UBS est le sponsor principal d’Art Basel. Or les relations des grandes banques suisses avec des pays comme les Etats-Unis ou la France, où les collectionneurs d’art sont nombreux, sont désormais tendues. Est-ce que cette actualité a un effet sur votre événement?
Non, cette actualité n’a aucun effet sur Art Basel.
Art Basel. Du 19 au 22 juin. www.artbasel.com
Skopia, depuis 1993 à bâle
Pour la petite galerie genevoise, l’investissement d’Art Basel est lourd. Après des années à perte, il porte désormais ses fruits.
Reprenons. Quatre mois de travail pour concevoir la maquette du stand, réunir la quarantaine d’œuvres qui seront acheminées à Bâle, les encadrer ou leur construire des socles, toutes les photographier, souscrire les assurances, organiser les transports, réserver l’hôtel pour quatre personnes, prévoir des imprévus comme la commande de spots supplémentaires. Pierre-Henri Jaccaud, directeur de la galerie genevoise Skopia, l’une des rares de Suisse romande à être acceptée dans le saint des saints, n’est pas pris au dépourvu: il participe à Art Basel depuis 1993. Au début, sans expérience, il a perdu de l’argent. D’année en année, de contact en contact, de pari sur de jeunes artistes en leur reconnaissance postérieure par le milieu de l’art, les affaires ont mieux marché. Elles sont désormais bonnes. Même si l’investissement de la galerie pour chaque édition d’Art Basel se situe entre 70 000 et 100 000 francs. Rien que la location du stand de 60 m2 coûte dans les 50 000 francs. Représentante d’artistes comme Alain Huck, Franz Gertsch, Francis Baudevin ou Silvia Bächi, la galerie Skopia n’a rien de commun avec des géants à multiples filiales comme Hauser & Wirth, Gagosian, Perrotin ou Thaddaeus Ropac.
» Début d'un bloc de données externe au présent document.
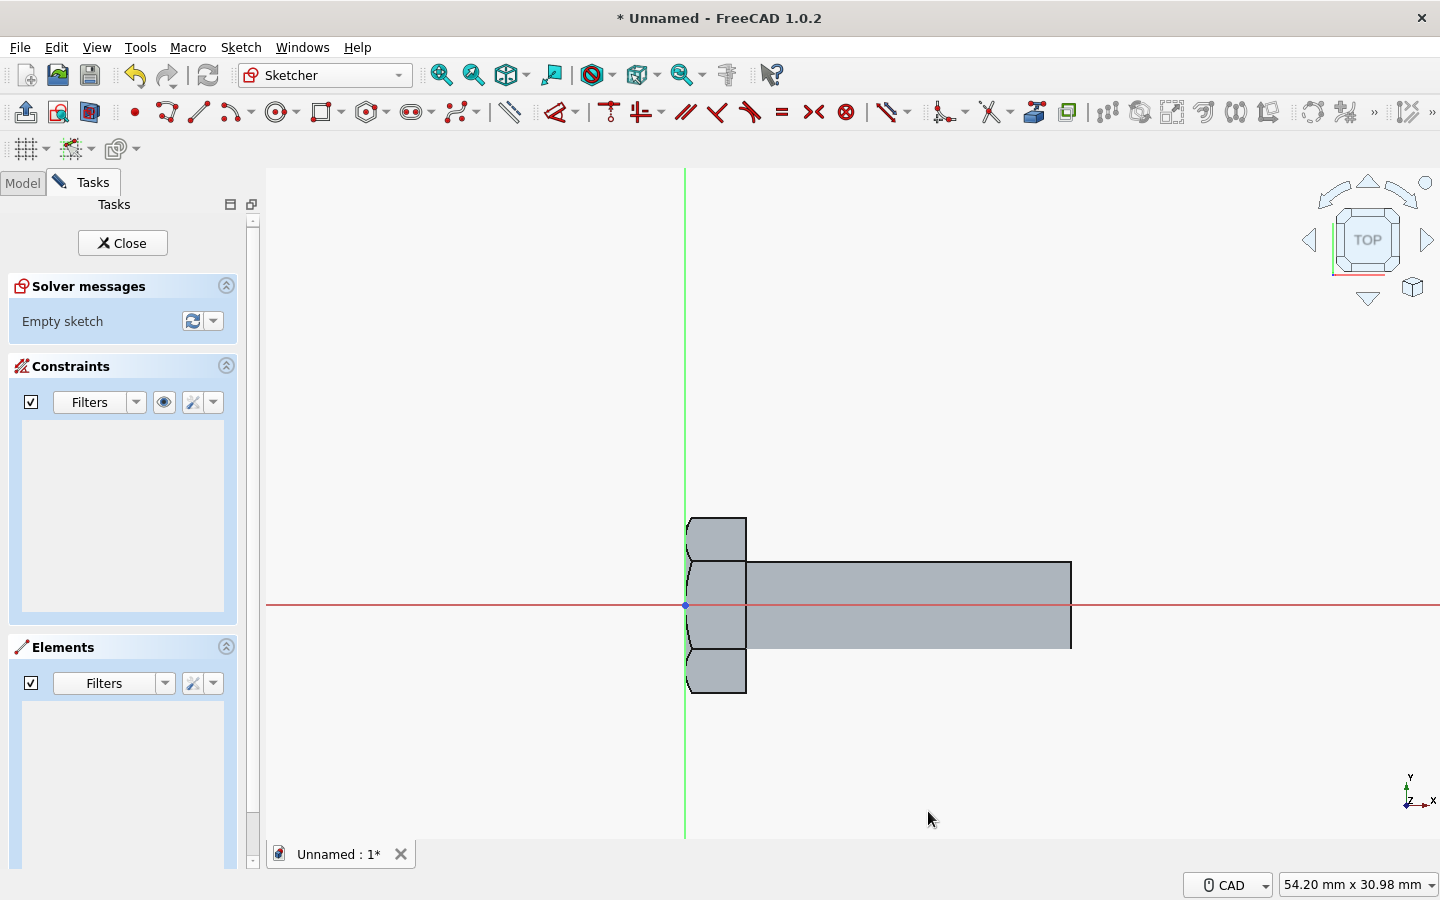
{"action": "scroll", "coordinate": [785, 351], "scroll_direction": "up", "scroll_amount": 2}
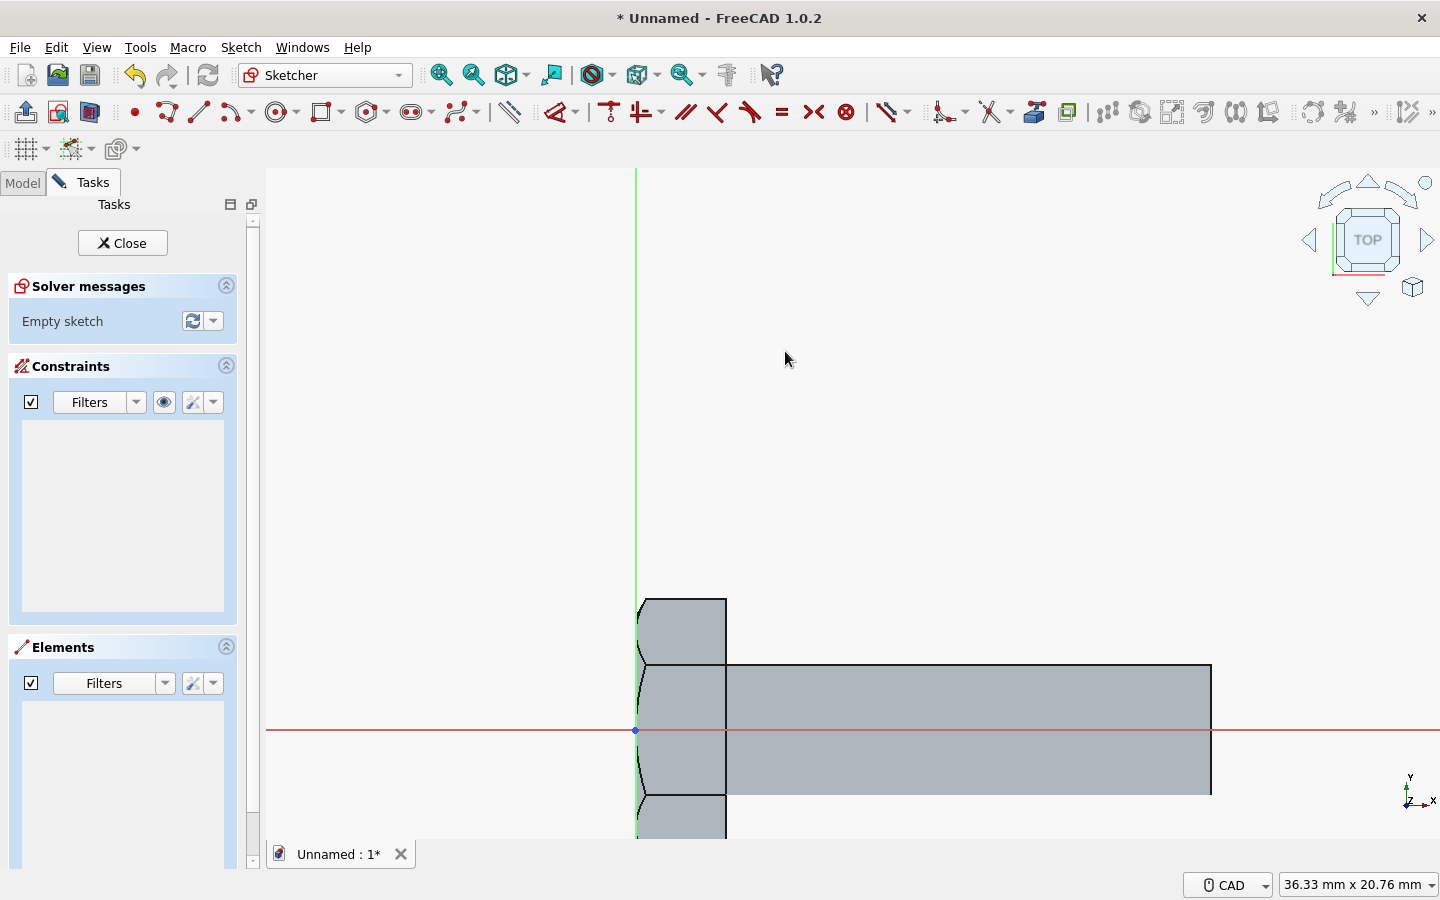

Mais la qualité de sa démarche lui vaut d’être sélectionnée depuis vingt et un ans pour l’incontournable rendez-vous. Une forme d’exploit. LD
Marc Spiegler
Franco-américain de 45 ans, Marc Spiegler a longtemps été journaliste à Chicago. Etabli en Suisse depuis 1998, il a pris en 2007 la succession de Sam Keller à la tête d’Art Basel, de loin la principale foire d’art contemporain du monde. Il dirige également les extensions d’Art Basel à Miami (créée en 2002) et à Hong Kong (2013).